If Month is ordered first and the title has Month=January the number of cells to query is no more than 8.33% of the cube.

If the Product dimension is first with an individual leaf product selected, then the number of cells to query is 0.1%of the cube. (Of course in the real-world Product is a much less likely candidate for frequent title dimension than either Version or Month but you get the point).

To keep it simple on why this ordering matters for query performance, less cells to traverse and summate, equals less CPU cycles, equals faster query time.

Write-back optimization

The same principal of minimizing the number of cells or “cube volume” also applies to write-back optimization. Here let’s consider updating a large number of individual cells in a single transaction (e.g. via a TurboIntegrator load process). Typically inputs from source systems which we load into TM1 will be partitioned along one or more dimensions, like version, month, store or product in our hypothetical example.
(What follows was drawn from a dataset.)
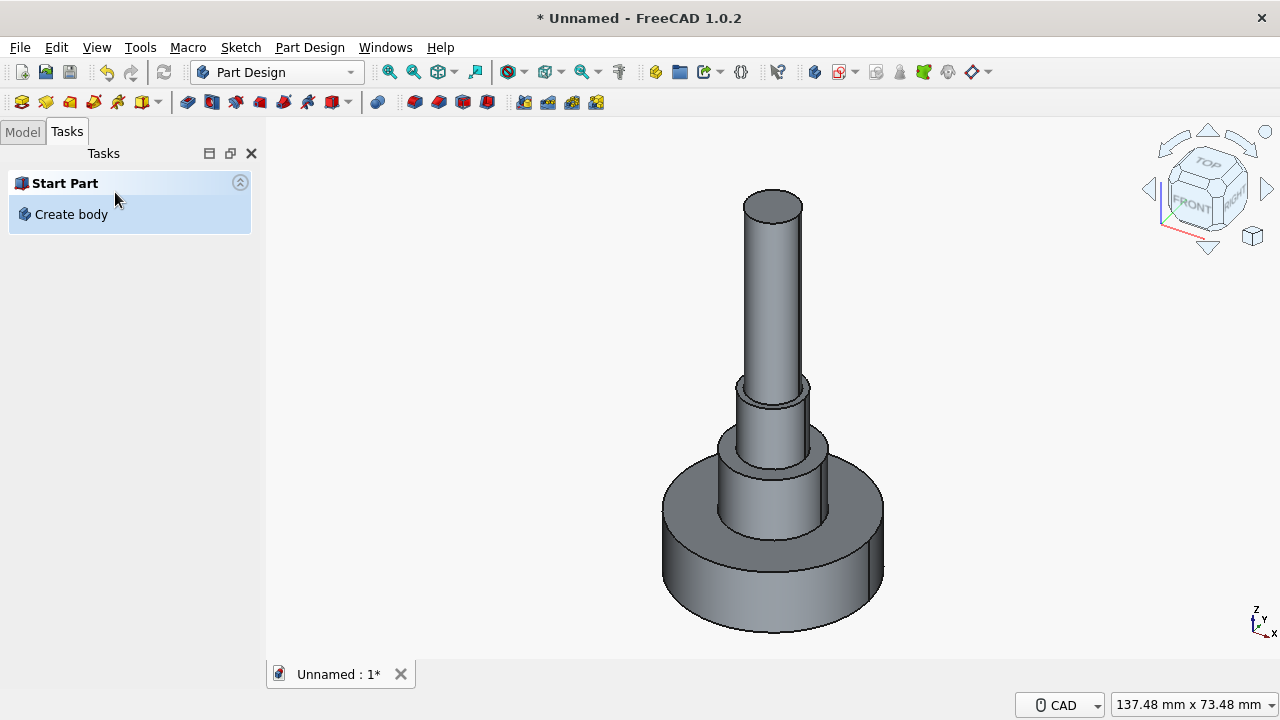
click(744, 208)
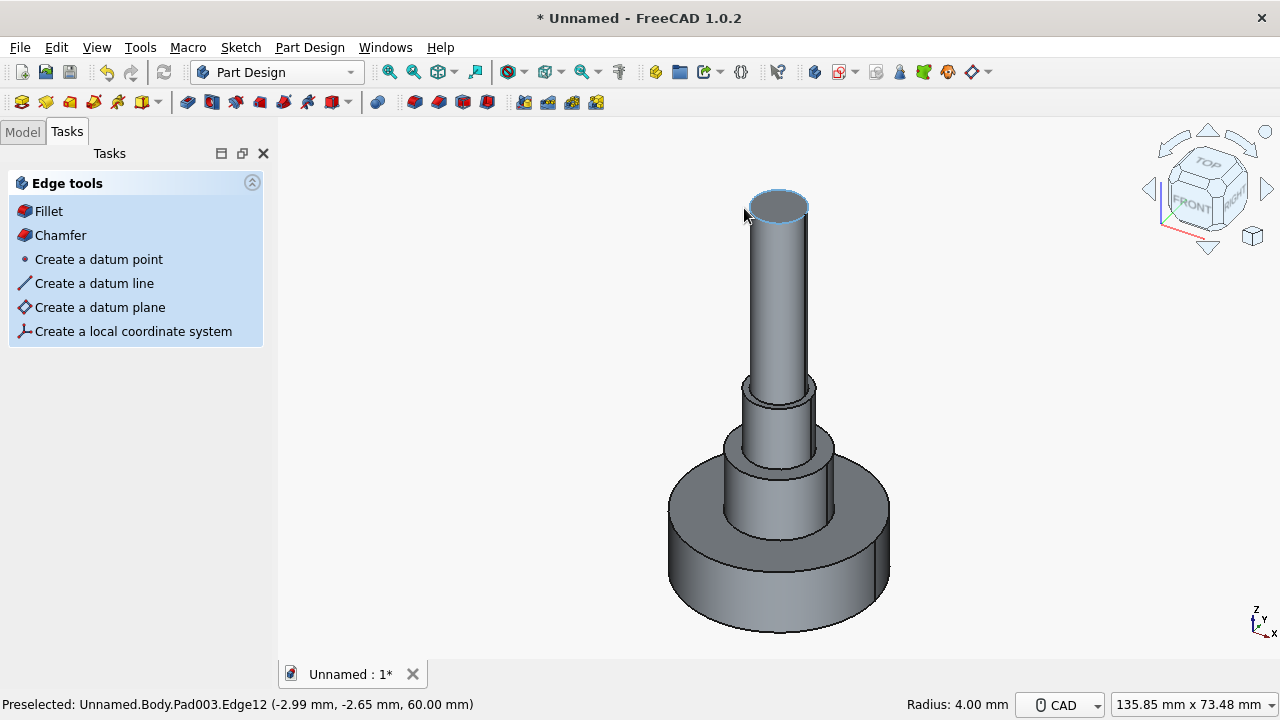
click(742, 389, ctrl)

As TurboIntegrator processes the input file a collection of changed cells is built which need to be merged back into the cube’s base model when changes are committed. Say that all data is for Version=Actual and we receive a separate file for each store. If Version is indexed 1st then each file will need to commit a change to 33% of the cube’s volume. However, if Store were to be indexed 1st then the size of each commit would be only 1/50th or 2% of the total cube size making the commit volume for each transaction much smaller and therefore quicker.
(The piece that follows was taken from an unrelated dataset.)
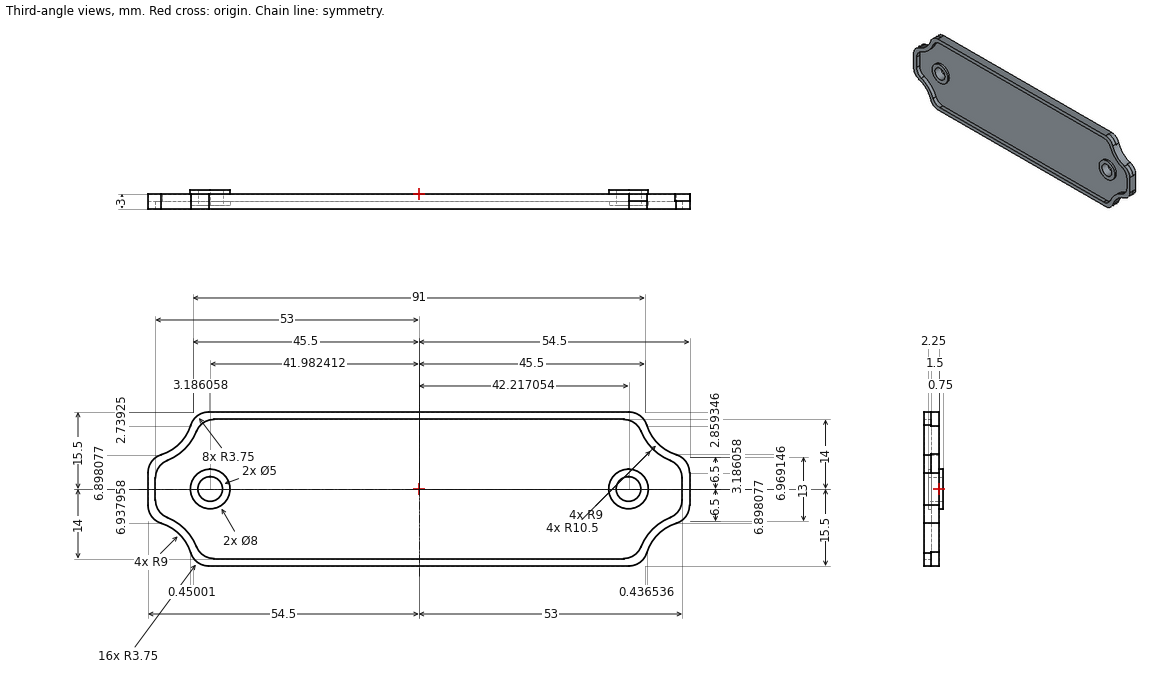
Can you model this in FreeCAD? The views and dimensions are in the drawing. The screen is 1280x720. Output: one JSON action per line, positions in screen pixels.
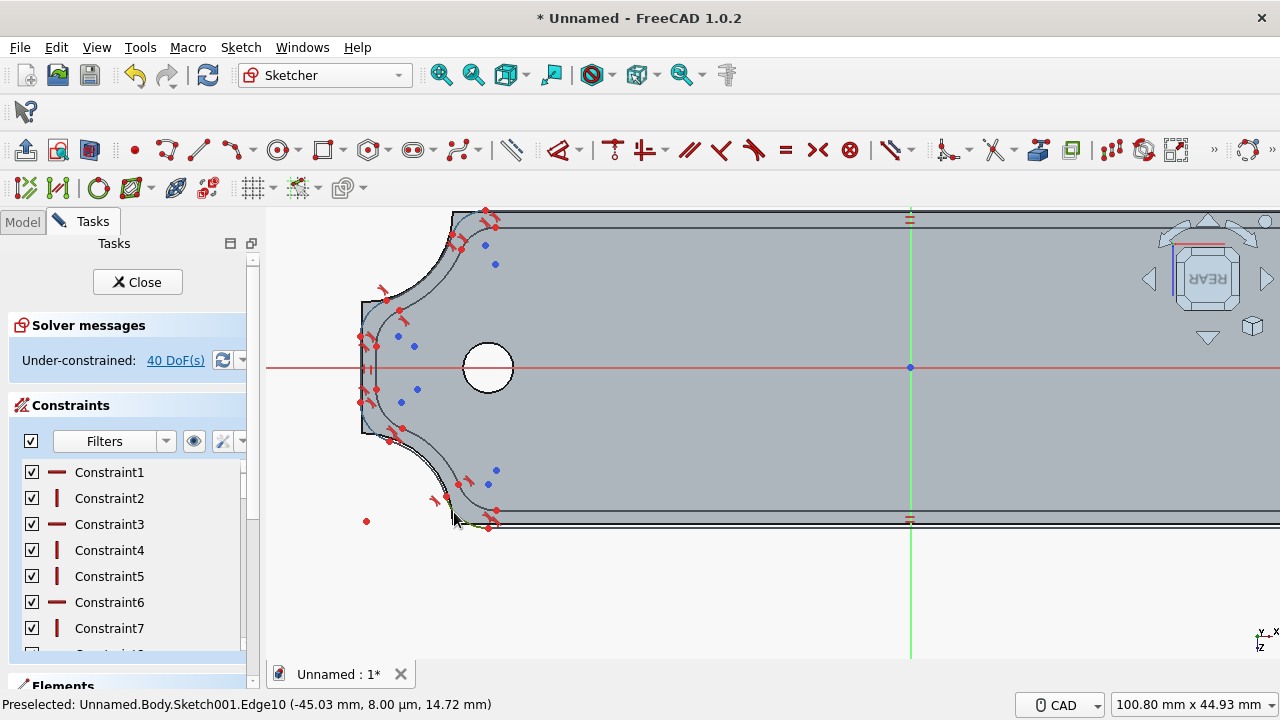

So the golden rule for write-back optimization is match the partitioning dimension to the dimension indexed 1stin the cube(If this seems obtuse and you want to understand more then stay tuned for the follow up technical deep dive post).

Setting the original dimension order

The 2 examples above make it clear that we can have a different optimal dimension ordering for the same cube for view retrieval vs. write-back, … and let’s not forget that both these orders may be different to the optimal order to minimize memory consumption. Take-out: “optimal” dimension order is situational and depends on what we are optimizing for.

Faced with this fact the only logical conclusion is that the original build order or “presentation order” should be consistent across all cubes to aid familiarity and ease of use for users. At Cubewise we use this schema:

Time (single or multiple dimensions)
Business dimensions

The schema you use may be different, but it should be universal and consistent within a TM1 model as this makes navigating and querying cubes easier for end users and developers alike. Don’t forget TM1 is a user-centric application and the design philosophy should reflect this and place the needs of users first.

A final word

So now you know what you are optimizing when you re-order dimensions! The next time that you optimize (for memory consumption) don’t forget to think about the potential impact on view retrieval and write-back and even better, test for it. To circle back to the point of placing users first, the #1 concern of every user is performance and this should also be our primary concern when designing and maintaining any system!